Again JUST my opinion. I'm not picking on bassists, just relating my experiences from the perspective of the audience.


----------



## jimsz

Usually we've found the loudest player is the one who's had the most martinis.


----------



## Mooh

One of the singers who demands so much in the monitors and mains. Otherwise generally bass players, as has been suggested. In a couple of previous bands where I played bass, I used a dedicated monitor to fire my signal back at me because it seemed it was always hotter half way back in the hall than on stage. For years I used Yorkville powered monitors daisy-chained from my backline, then later I used just another bass amp and an ABY box.

Peace, Mooh.


----------



## Peter

jimsz said:


> Usually we've found the loudest player is the one who's had the most martinis.


THIS!!! :smile:


----------



## james on bass

Milkman said:


> I always thought it was drummers or guitarists who are the DB bandits, but having made a transition from player to soundman I'm coming to the conclusion that it's most often....
> 
> BASSISTS
> 
> I suspect the problem is that bass, being omnidirectional sometimes makes it difficult for the payer to hear himself close to the amp. They turn up and slaughter the mix or at least make it necessary to mix everything else to their level.
> 
> When I see guys dragging in Bass amps with multiple cabs and several hundred watts I just cringe.
> 
> Just curious how the players feel.


I think you're right with that perspective. More often than not, our PA is for vocals and kick drum only. I generally have problems hearing myself, but the sound out on the floor is huge. Last week we set up with my bass rig on the opposite side of the stage from me, and the mix was great. 
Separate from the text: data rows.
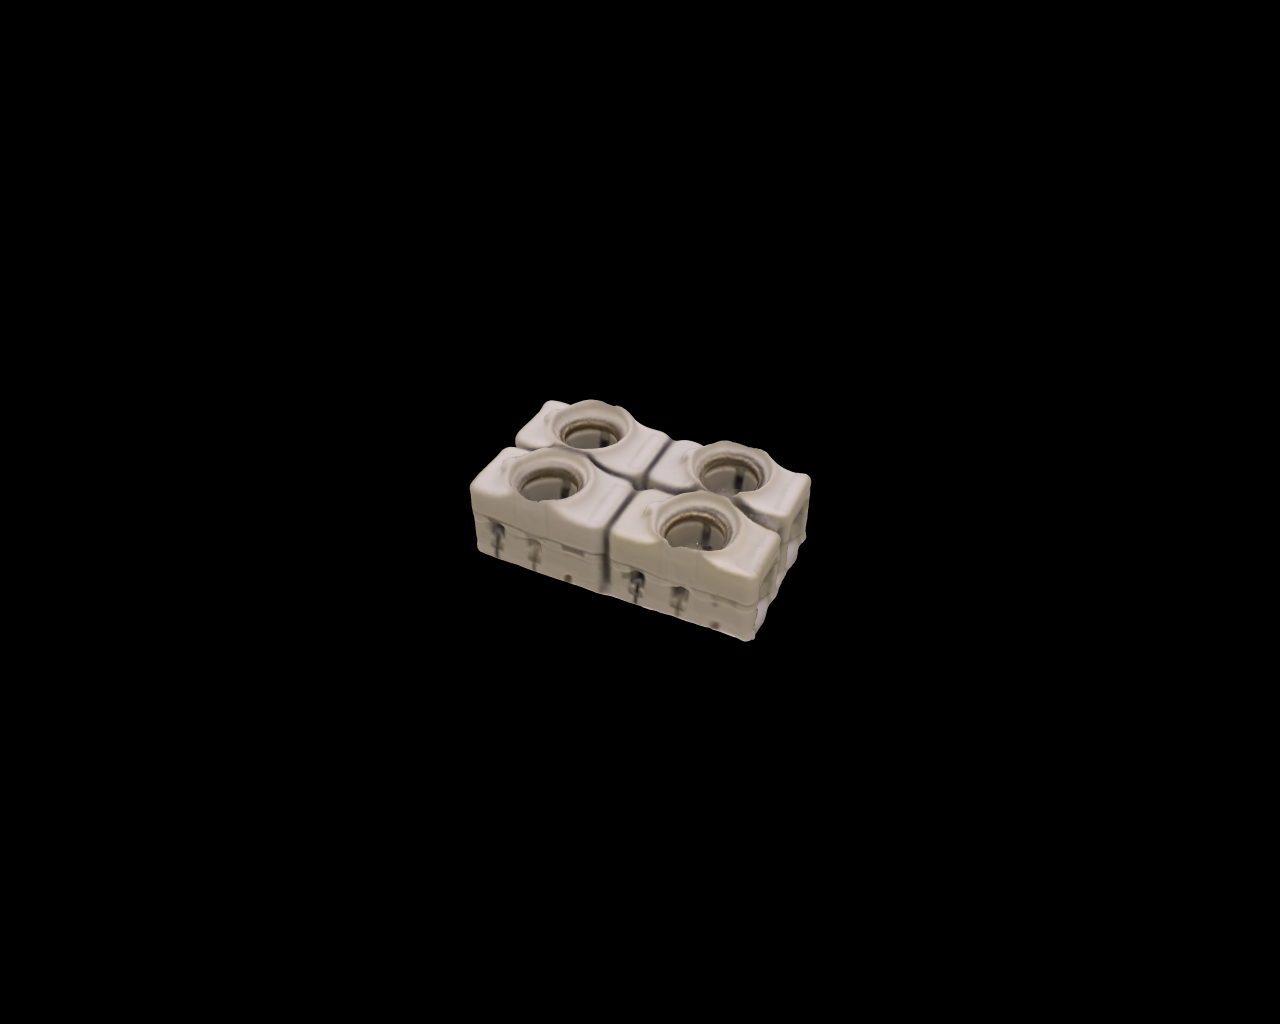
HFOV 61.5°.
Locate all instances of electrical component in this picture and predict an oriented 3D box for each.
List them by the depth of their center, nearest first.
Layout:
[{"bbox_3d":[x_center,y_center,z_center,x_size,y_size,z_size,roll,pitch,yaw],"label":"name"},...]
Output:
[{"bbox_3d":[0.001,-0.003,0.650,0.186,0.060,0.106,18,44,19],"label":"electrical component"}]

I generally bring 1 1x15" cabinet (sometimes the 1x12" on top) and have never had my master volume over 3. More than enough.


My last band though?... definitely, definitely the guitarist!


----------



## Milkman

I thought about having "Singer" as one of the choices in the poll. From out front though, the monitors seldom cause a problem with the FOH mix. I generally still need to put lots of vocals in the mains to get a balanced mix.


It's most often bass. I think putting the bass rig on the opposite side of the stage as sugested by James, is a great idea. Those frequencies do take a little distance to open up. 

Another great idea is side washing the guitar cabs. I know this can sometimes be a contentious issue with guitarists, but I'll wager most sound men love it.


Interesting poll results so far. Guitarist is way out in front.


----------



## marcos

*Loudest in band*

This is a good one as my drummer was always telling me to lower the volume,and i have hearing problems in one ear(guess witch one) from being to close to the drummer for 30 years.He also has earing probs.from one ear witch happens to be on the right side witch happens to be the side i played on.You can draw what conclusion you want but both of us old farts are slowly loosing our earing because we both played to loud.There is a lesson here you young kids but i am not sure what it is.LOL.:smilie_flagge17:


----------



## Spike

I voted guitarists. Most of the volume offenders I've played with have been guitarists.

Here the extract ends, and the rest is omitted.